Porque ha de saber V. que los autores fueron, son y serán siempre
los mismos, es decir, costales de vanidad y adoradores fanáticos de
sí propios. Perdóneme Dios si peco, pero lo cierto es que no tienen
aguante. Si les mima V., si les adula, si les hace la corte, le miran
a V. como a un esclavo uncido al carro de sus triunfos, como a un
turiferario servil, como a un ilota sin importancia; si pone usted su
divinidad en tela de juicio, si sólo dobla V. ante ellos una
rodilla, si les regatea el incienso a que se juzgan acreedores,
¡pobre de V.! Le hunden a V. los sarcasmos, le apabullan a ultrajes,
le apellidan bárbaro, imbécil, pedante, y sobre todo le cuelgan a
V. el terrible calificativo, el sambenito degradante, el nombre de
¡envidioso!!


Si
levanta V. bandera negra, si trata de probar al público el poco o
ningún mérito del falso ídolo, si censura, aunque fundadamente,
sus obras, entonces... entonces viene lo de la paliza. Ejemplo al
canto. Dos meses y siete días hace que consultado por un autor, y no
de los de punta, sobre una comedia de costumbres, suya, intitulada,
por más señas, La ninfa y los tres trabucos, le puse algunos
reparos llenos de buena fé y lealtad y no desnudos de razón: me
miró de arriba abajo, se sonrió desdeñosamente, embuchó su
manuscrito y se marchó sin despedirse.
Al día siguiente supe
que entre sus correligionarios y admiradores me había adjetivado con
la más inaudita crueldad.

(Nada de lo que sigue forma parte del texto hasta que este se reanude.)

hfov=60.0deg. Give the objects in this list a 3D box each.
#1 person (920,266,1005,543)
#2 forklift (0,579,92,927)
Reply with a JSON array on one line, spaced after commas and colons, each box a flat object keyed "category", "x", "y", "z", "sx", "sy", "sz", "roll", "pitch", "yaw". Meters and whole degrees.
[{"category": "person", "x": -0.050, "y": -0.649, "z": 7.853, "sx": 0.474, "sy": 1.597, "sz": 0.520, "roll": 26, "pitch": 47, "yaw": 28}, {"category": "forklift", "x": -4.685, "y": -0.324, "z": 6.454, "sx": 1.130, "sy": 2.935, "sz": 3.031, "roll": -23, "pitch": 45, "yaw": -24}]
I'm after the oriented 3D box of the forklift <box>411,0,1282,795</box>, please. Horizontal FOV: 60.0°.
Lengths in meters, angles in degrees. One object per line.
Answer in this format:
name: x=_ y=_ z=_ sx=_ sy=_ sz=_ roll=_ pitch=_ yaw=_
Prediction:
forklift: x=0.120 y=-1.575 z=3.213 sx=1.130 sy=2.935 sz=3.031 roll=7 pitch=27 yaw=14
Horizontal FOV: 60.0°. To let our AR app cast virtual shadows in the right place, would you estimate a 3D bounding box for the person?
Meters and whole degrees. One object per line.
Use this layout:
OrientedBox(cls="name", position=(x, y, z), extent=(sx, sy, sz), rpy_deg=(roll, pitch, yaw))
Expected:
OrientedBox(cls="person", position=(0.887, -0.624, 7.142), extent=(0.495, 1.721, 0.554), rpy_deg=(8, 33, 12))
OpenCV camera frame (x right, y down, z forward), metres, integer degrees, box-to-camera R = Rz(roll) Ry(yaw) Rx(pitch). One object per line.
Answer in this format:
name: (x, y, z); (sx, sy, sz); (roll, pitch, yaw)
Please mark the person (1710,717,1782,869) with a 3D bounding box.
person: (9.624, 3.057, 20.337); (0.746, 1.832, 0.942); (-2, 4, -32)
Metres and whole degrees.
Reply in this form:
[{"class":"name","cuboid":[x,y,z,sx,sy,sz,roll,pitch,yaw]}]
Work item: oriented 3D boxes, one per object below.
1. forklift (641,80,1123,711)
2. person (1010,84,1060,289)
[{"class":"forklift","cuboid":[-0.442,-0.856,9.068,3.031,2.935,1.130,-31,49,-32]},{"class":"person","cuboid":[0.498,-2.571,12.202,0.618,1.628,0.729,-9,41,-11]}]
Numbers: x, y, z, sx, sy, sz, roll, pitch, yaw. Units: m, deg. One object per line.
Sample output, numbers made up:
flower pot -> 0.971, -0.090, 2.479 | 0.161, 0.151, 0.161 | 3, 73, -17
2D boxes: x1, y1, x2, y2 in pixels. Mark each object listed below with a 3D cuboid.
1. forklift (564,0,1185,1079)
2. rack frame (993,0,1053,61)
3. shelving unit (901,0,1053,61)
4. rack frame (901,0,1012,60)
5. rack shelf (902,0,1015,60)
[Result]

Como la carne es flaca y la soberbia tiene
su trono en el centro del corazón humano, me incomodé como pecador
que soy, y, topándole por casualidad una tarde, tuve el poco tino de
afearle su proceder y de avinagrar con exceso las razones que
anteriormente me indujeron a censurar su malhadada producción.
Resultado: sesenta reales que me cuesta la cura del palo mayúsculo,
con el cual por poco me destapa los sesos, a razón de cincuenta
reales al médico por cinco visitas, y diez al boticario por friegas.
¿Qué tal? ¿Quid tibi videtur?... ¿Es esto aceptable? ¿Es
decoroso? ¿Es literario?... ¿Y si le envían a V. un cartel de
desafío, y si le pasan de claro en claro, y si le incendian de un
pistoletazo? ¡Perdónales, Señor! Parce illis.


Volviendo
a los dramaturgos, sepa usted que hay algunos, cosa rica. V. se
chuparía los dedos saboreando sus bellas, pero por desgracia
escasísimas producciones. De día en día van enmudeciendo. ¿Y por
qué? preguntan todos. ¿Por qué, D. Leandro? Porque nunca se han
oído cantar ruiseñores junto a un charco henchido de ranas
vocingleras, porque nunca se ha visto a la púdica virgen tomar parte
en los festines y algazaras de las mujeres de mal vivir. Sat est:
intelligenti pauca.


¡Ah!
Sr. Moratín de mis entrañas! Vea usted de resucitar y venirse por
acá tan campante y frescote como fue V. en sus buenos tiempos, y
afile bien antes la hoja de su vibrante espada, porque le prevengo
que los pedantillos de la era presente son más difíciles de
derrotar que Concha, Moncín, Trigueros, Comella, D. Bruno, Salanova,
etc., etc., a quienes hizo V. gigote tan a su sabor, con aplauso de
propios y extraños. Si no, pronto las diversiones españolas
quedarán reducidas a la ópera nacional, vulgo zarzuela (¿sabe V.
qué es zarzuela?... ¿no?... pues yo tampoco),
a los bailes de
candil, con su correspondiente bronquis, a las ferias, a las
funciones de toros (estas cátedras de moral de cada día más en
boga) y a los atropellos de coches. ¡Si al menos el gobierno
adoptase el pugilato de los herejes! ¡Si al menos fomentase las
riñas de gallos, (en términos cultos se llaman círculos
gallísticos)!... Por Dios, D. Leandro, resucite V. y, por lo que
pueda tronar, tráigase V. unos cuantos millones de arrobas de
sentido común (mens sana) y sobre todo de eso que usábamos
antiguamente que, si mal no recuerdo, llevaba el nombre de vergüenza,
pues acá tiempo hace que no gastamos estas cosas y, ¡si supiese V.
cuánta falta nos hacen!...


Adiós,
carísimo e inolvidable D. Leandro. Me repito su más seguro servidor
y amigo Q. S. M. B. - Juan Mazorsa, sacristán. - Es copia.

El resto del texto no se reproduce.